107 |         n, m = self.C.shape
108 |         self.row_uncovered = np.ones(n, dtype=np.bool)
109 |         self.col_uncovered = np.ones(m, dtype=np.bool)
110 |         self.Z0_r = 0
111 |         self.Z0_c = 0
112 |         self.path = np.zeros((n + m, 2), dtype=int)
113 |         self.marked = np.zeros((n, m), dtype=int)
114 | 
115 |     def _find_prime_in_row(self, row):
116 |         """
117 |         Find the first prime element in the specified row. Returns
118 |         the column index, or -1 if no starred element was found.
119 |         """
120 |         col = np.argmax(self.marked[row] == 2)

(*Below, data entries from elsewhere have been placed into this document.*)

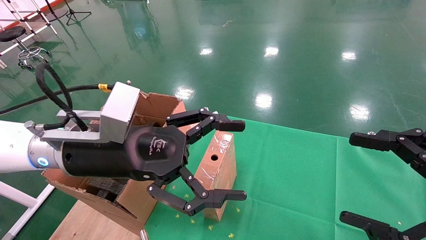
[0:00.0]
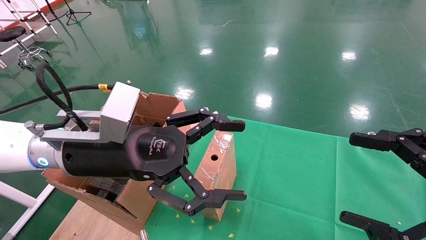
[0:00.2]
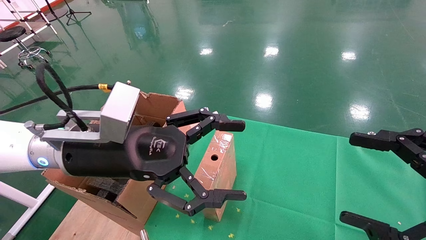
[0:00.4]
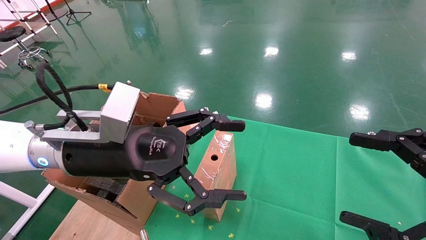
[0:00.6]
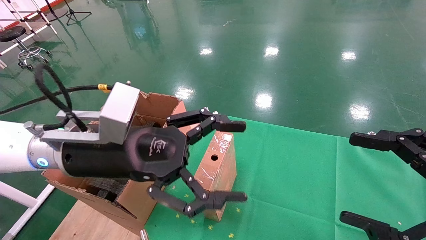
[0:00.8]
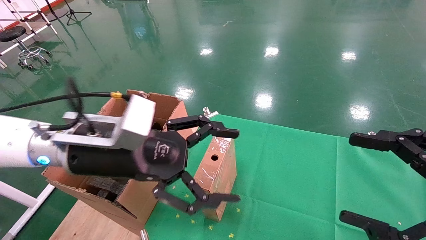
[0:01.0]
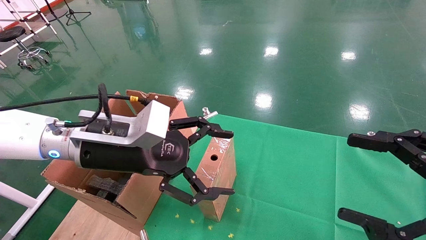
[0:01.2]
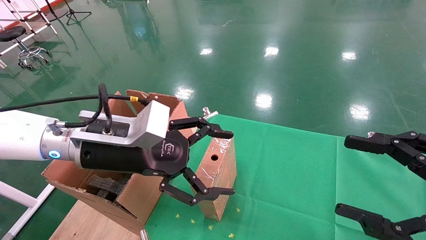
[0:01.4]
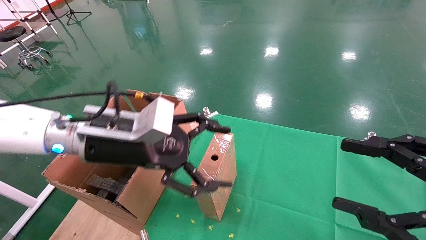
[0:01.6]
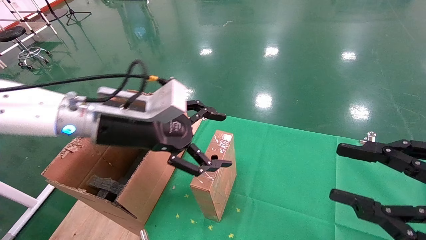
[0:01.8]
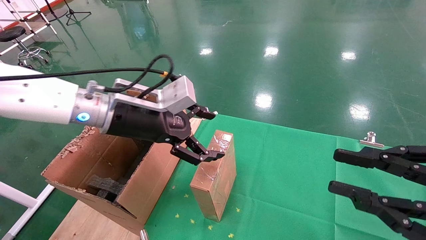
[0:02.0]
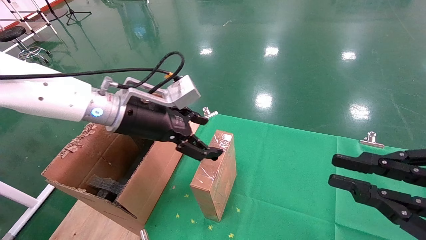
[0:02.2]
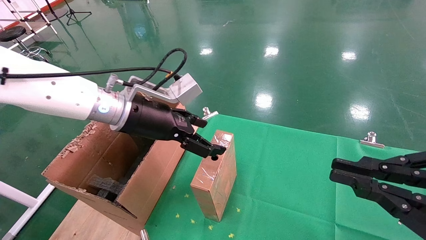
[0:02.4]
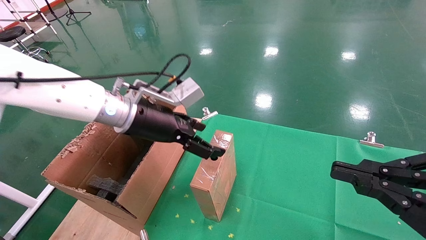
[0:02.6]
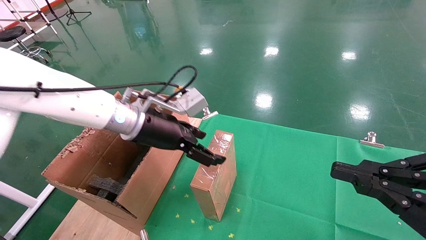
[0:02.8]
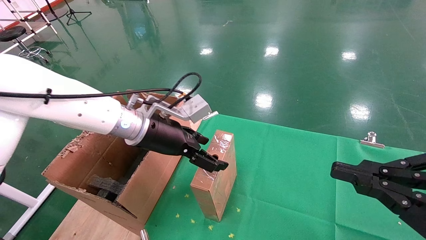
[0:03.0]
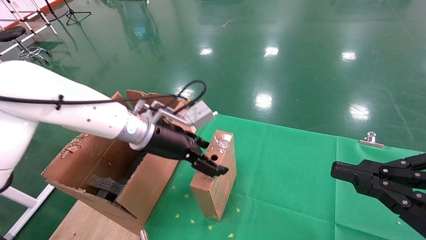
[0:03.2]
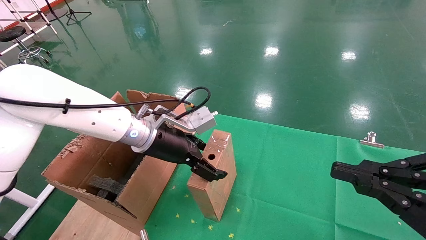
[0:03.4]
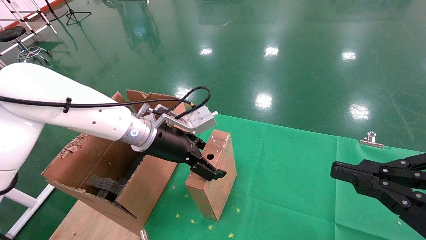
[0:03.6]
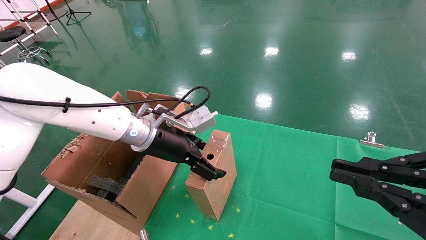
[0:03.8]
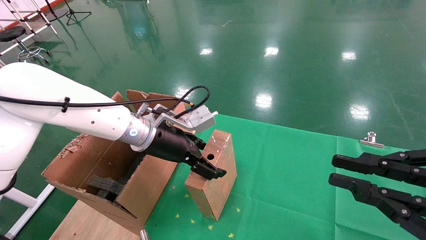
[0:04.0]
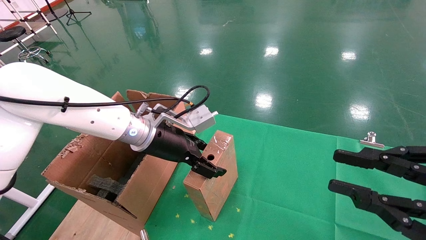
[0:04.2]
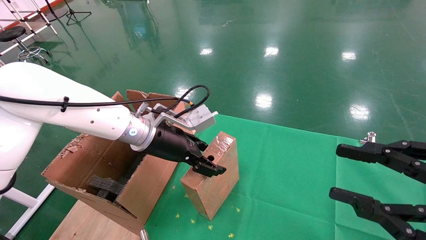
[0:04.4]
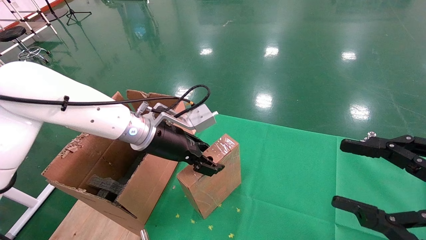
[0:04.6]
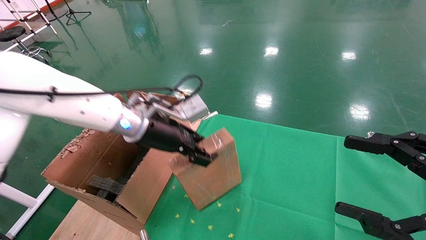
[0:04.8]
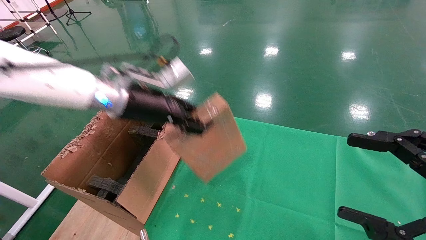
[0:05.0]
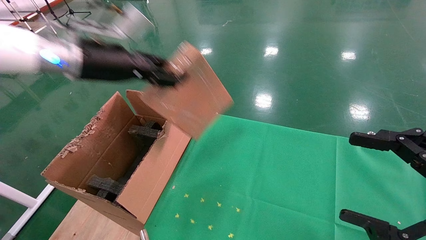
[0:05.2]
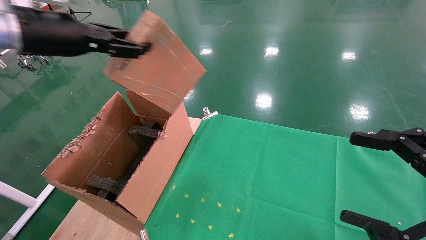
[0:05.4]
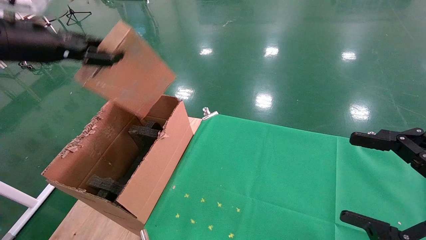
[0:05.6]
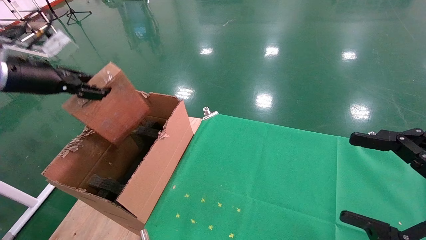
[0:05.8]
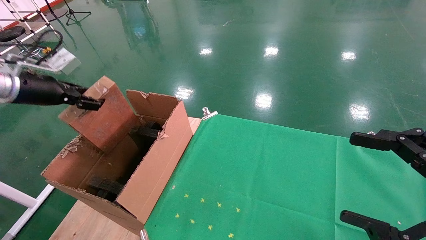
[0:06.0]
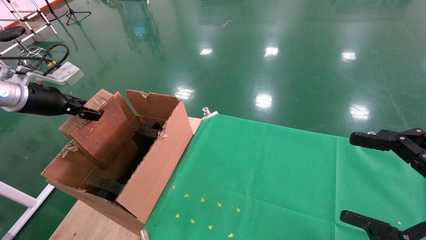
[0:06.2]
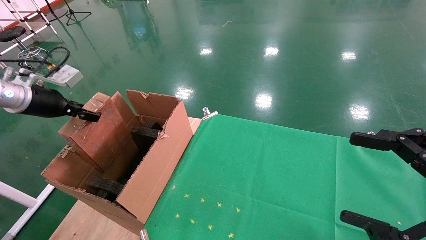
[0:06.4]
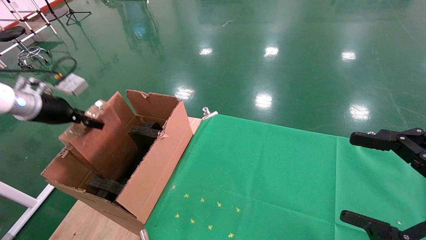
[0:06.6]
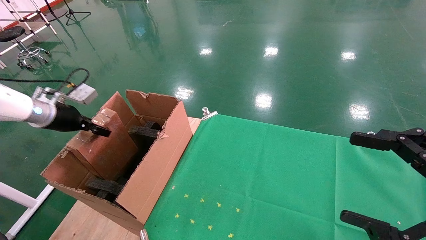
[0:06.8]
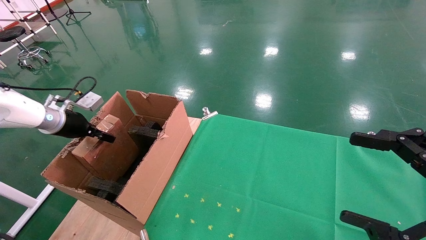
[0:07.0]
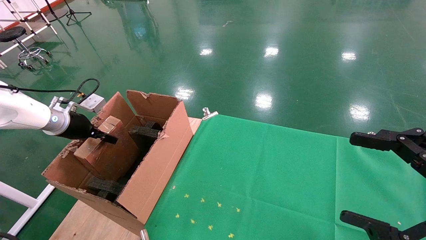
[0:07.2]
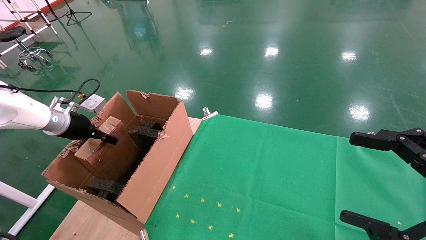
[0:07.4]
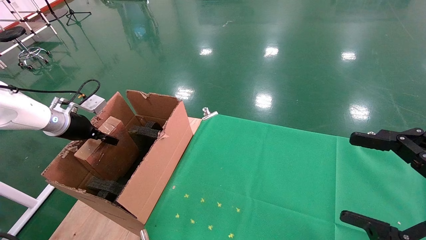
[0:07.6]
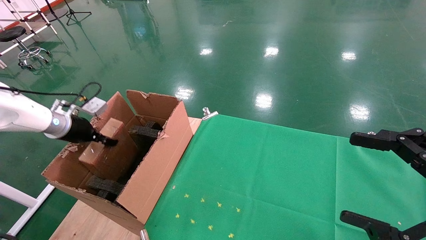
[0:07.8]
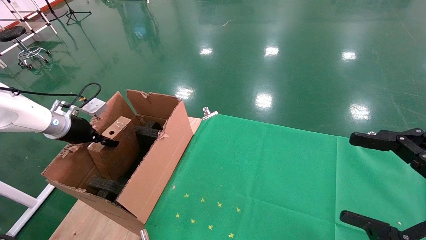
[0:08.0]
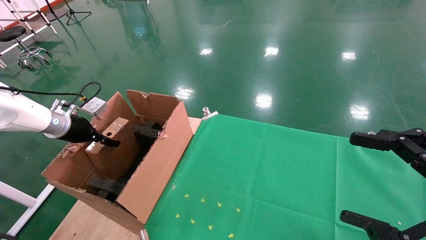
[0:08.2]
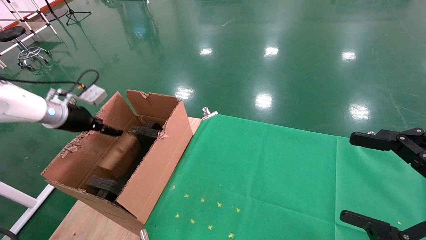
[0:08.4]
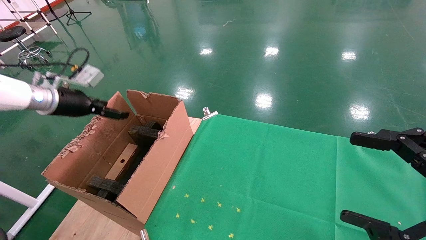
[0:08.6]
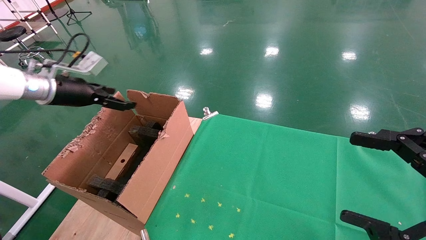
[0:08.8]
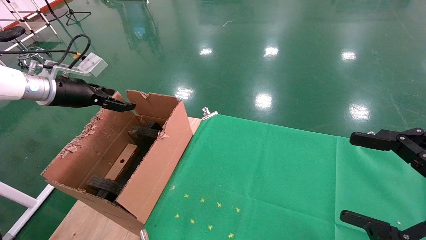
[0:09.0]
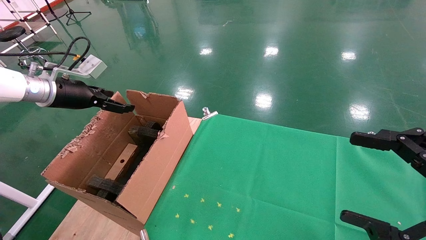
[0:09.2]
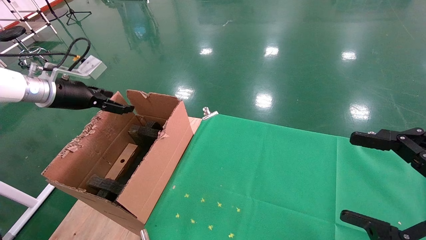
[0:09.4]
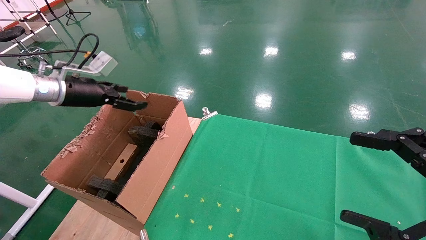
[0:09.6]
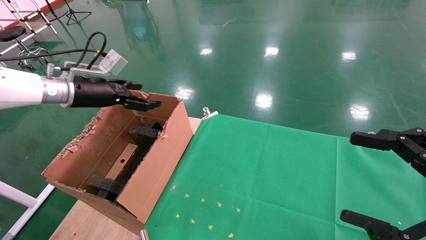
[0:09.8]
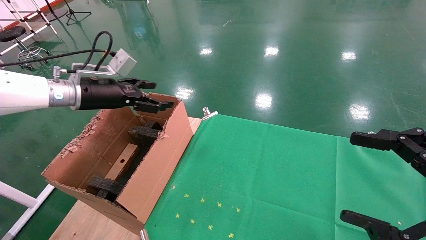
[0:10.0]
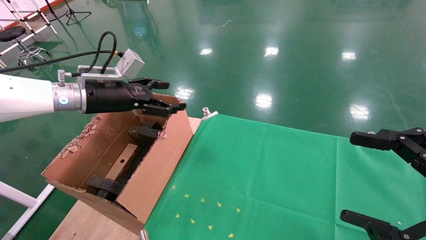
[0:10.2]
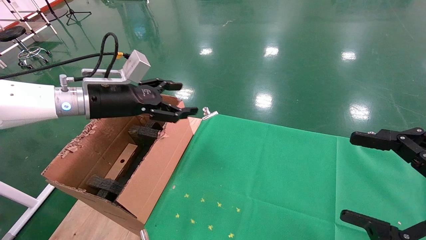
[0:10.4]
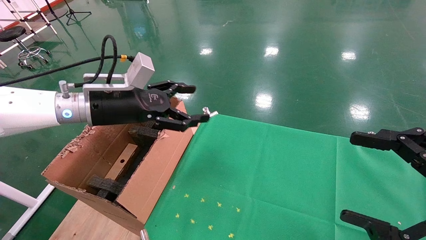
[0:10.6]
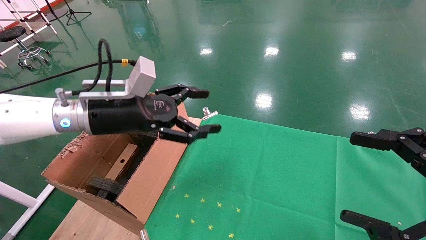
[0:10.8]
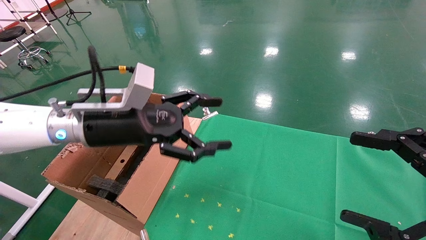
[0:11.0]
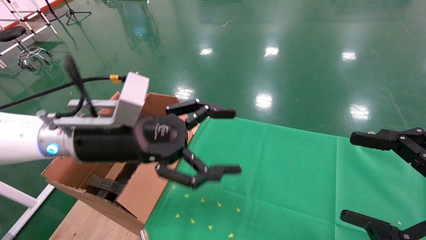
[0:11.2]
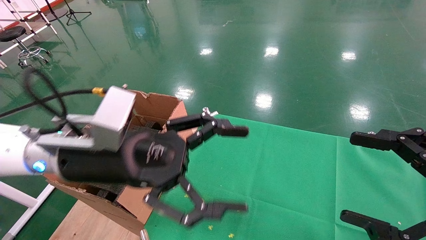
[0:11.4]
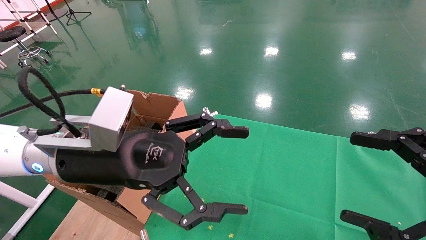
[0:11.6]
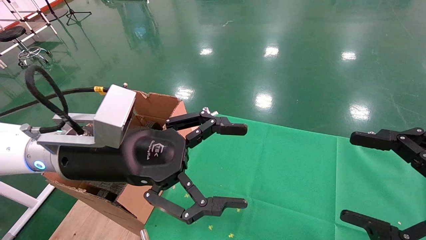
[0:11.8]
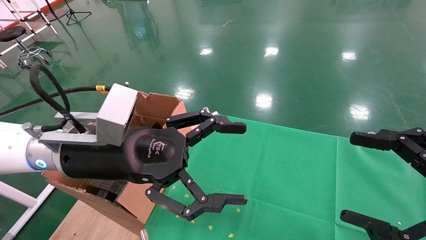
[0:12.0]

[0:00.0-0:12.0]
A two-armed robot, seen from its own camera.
Task of the whole recording: using a robotic arm to pick up a cardboard box and palace it the carton.
Step, 1.2 to 4.6 s: Pick up the mouse and the power cord paper box.
Step, 4.8 to 8.2 s: Place the mouse and the power cord paper box into the container.
1.6 to 3.0 s: The right gripper closes its fingers; the left gripper is displaced forward by about 10 cm.
3.0 to 4.4 s: There are only small adjustments of the grippers.
4.4 to 6.0 s: The right gripper opens its fingers. The left gripper heads to the left, covering approximately 30 cm, and closes.
6.0 to 7.6 s: The left gripper travels downward and forward by about 15 cm.
7.6 to 9.0 s: The left gripper moves upward, some 10 cm, and opens.
9.0 to 10.4 s: The left gripper shifts approximately 15 cm to the right.
10.4 to 12.0 s: The left gripper is displaced backward and to the right by about 15 cm.

121 |         if self.marked[row, col] != 2:
122 |             col = -1
123 |         return col
124 | 
125 |     def _clear_covers(self):
126 |         """Clear all covered matrix cells"""
127 |         self.row_uncovered[:] = True
128 |         self.col_uncovered[:] = True
129 | 
130 | 
131 | def _hungarian(cost_matrix):
132 |     """The Hungarian algorithm.
133 | 
134 |     Calculate the Munkres solution to the classical assignment problem and
135 |     return the indices for the lowest-cost pairings.
136 | 
137 |     Parameters
138 |     ----------
139 |     cost_matrix : 2D matrix
140 |         The cost matrix. Does not have to be square.
141 | 
142 |     Returns
143 |     -------
144 |     indices : 2D array of indices
145 |         The pairs of (row, col) indices in the original array giving
146 |         the original ordering.
147 |     """
148 |     state = _HungarianState(cost_matrix)
149 | 
150 |     # No need to bother with assignments if one of the dimensions
151 |     # of the cost matrix is zero-length.
152 |     step = None if 0 in cost_matrix.shape else _step1
153 | 
154 |     while step is not None:
155 |         step = step(state)
156 | 
157 |     # Look for the starred columns
158 |     results = np.array(np.where(state.marked == 1)).T
159 | 
160 |     # We need to swap the columns because we originally
161 |     # did a transpose on the input cost matrix.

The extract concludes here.